A group from Institute of Plant Protection, Tianjin Academy of Agricultural Sciences, Tianjin, China, etc. has reported on a novel sucrose induced signaling cascade promoting Bacillus subtilis rhizosphere colonization.
https://www.ncbi.nlm.nih.gov/pmc/articles/PMC8397739/
It has been known that Bacillus subtilis is an excellent biological control agent, capable of suppressing a number of soil-borne phytopathogens. But, how do such beneficial bacteria recognize the signals from the plant host, colonize the roots, and ultimately establish an intimate relationship with the plant? One of the specific focuses is on plant root-released nutrients and their impact on the rhizobacteria. Among those root-released nutrients, sucrose is found most abundantly released into the rhizosphere. Sucrose is uniquely important to the plants since photosynthetic plants primarily use sucrose as a fixed carbon transport and storage mechanism among different tissues.
It is clearly shown in the figure below that sucrose induces more robust root colonization on tomato roots by Bacillus subtilis in the presence of sucrose than several other root-secreted sugars.
A red fluorescence-labeled Batillus subtilis strain was used with different sugars (Fru: fructose, Glc: glucose, Mal: maltose, and Suc: sucrose)

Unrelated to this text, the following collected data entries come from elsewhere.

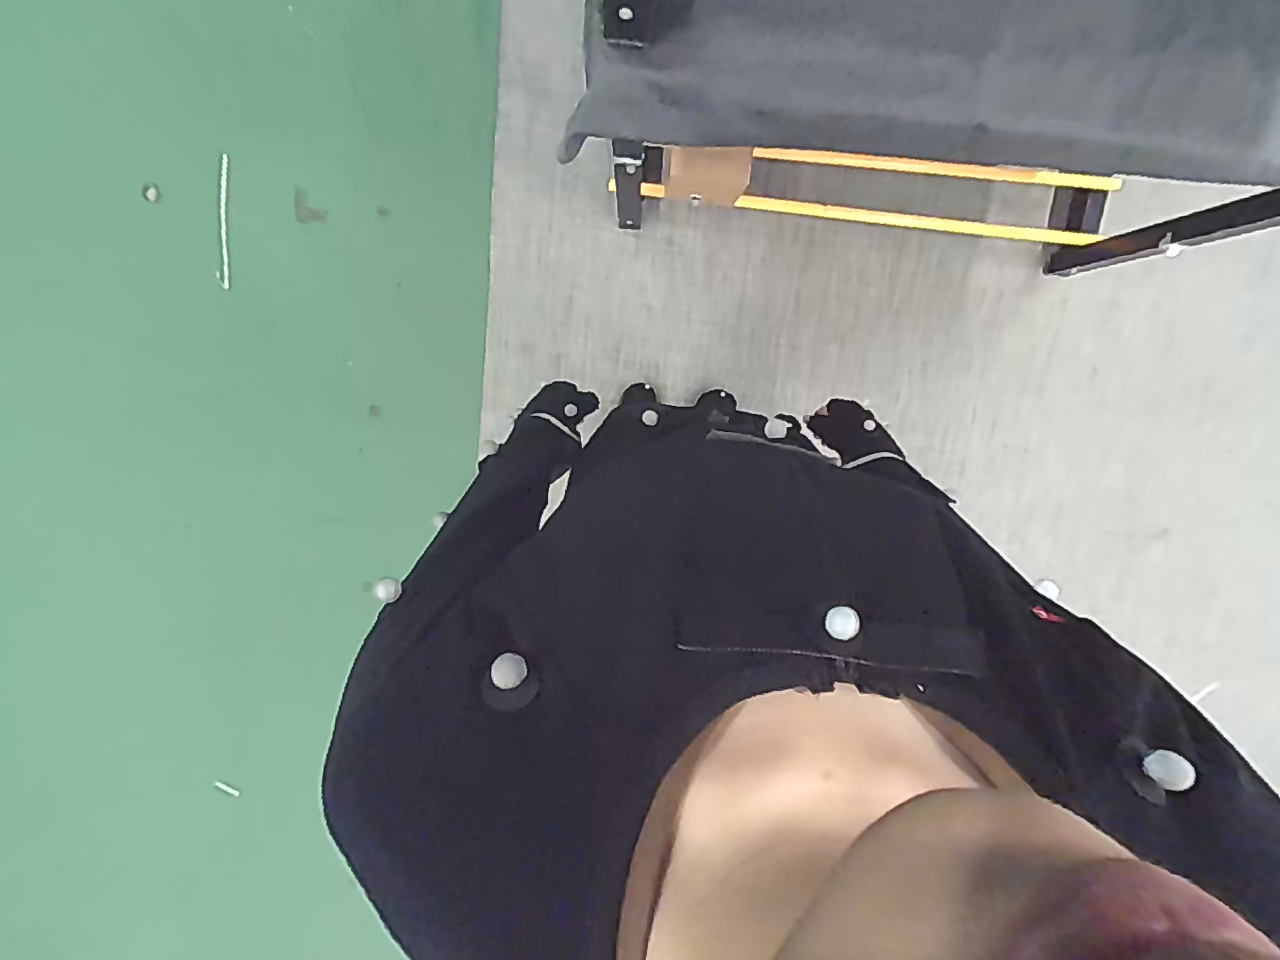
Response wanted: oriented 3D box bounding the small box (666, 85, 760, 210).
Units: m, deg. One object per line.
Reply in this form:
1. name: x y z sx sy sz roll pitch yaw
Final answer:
1. small box: 0.150 -0.708 1.169 0.168 0.176 0.179 4 102 -3

Further, in the rhizosphere soil with sucrose addition, the relative abundance of Bacillus reached ~10.1%, while this ratio was only ~0.1% without sucrose addition, indicating a 100-fold increase in the abundance of the native Bacillus species in the rhizosphere stimulated by sucrose. In addition to the strong positive influence of sucrose on the prevalence of Bacillus, the relative low abundance of Pseudomonas (0.05%) was also elevated to 2.7% when inoculated with the wild type B. subtilis cells and further increased to 12.5% with simultaneous B. subtilis inoculation and sucrose supplementation. It was also shown that supplementation of sucrose formula improved the suppression efficiency against the soil-borne disease caused by Fusarium oxysporum sp. Lycopersici (Fusarium wilt) .

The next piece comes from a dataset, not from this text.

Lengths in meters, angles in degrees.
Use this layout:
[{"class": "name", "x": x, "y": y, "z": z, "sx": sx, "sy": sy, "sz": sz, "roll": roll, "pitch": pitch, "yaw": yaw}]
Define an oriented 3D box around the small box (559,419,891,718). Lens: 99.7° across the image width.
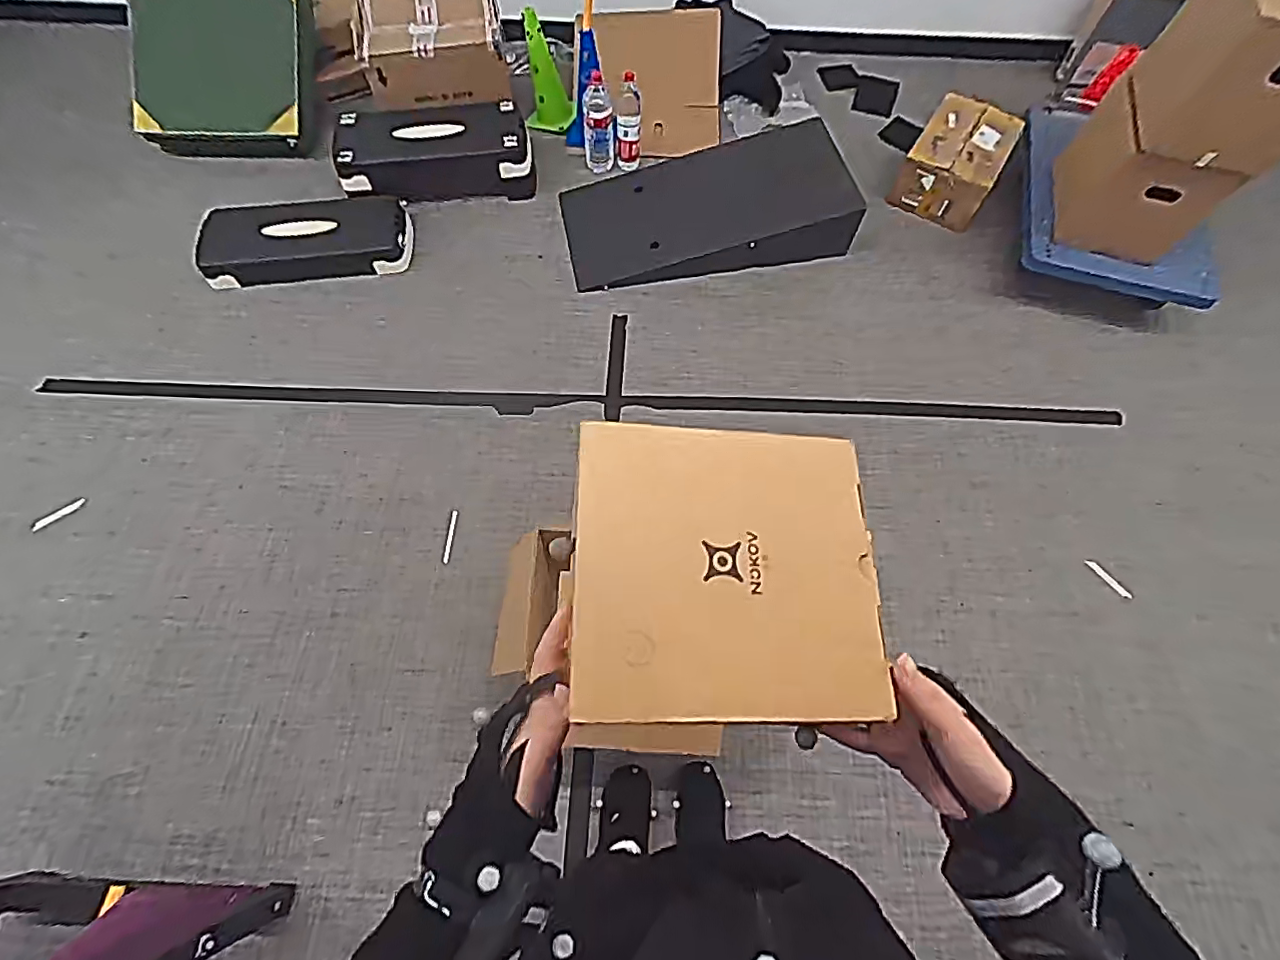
[{"class": "small box", "x": 0.036, "y": 0.073, "z": 0.376, "sx": 0.179, "sy": 0.176, "sz": 0.168, "roll": 4, "pitch": 69, "yaw": -9}]

Big question is how B. subtilis manage to efficiently migrate in the semisolid or solid soil environment?
Regarding this question, authors has shown that sucrose activates a signaling cascade to trigger solid surface motility leading to effective root colonization by B. subtilis. That is, sucrose initiates biosynthesis of levan, and levan is further hydrolyzed into levanoligosaccharides, and finally induces strong production of surfactin from B. subtilis resulting in acceleration of solid surface motility.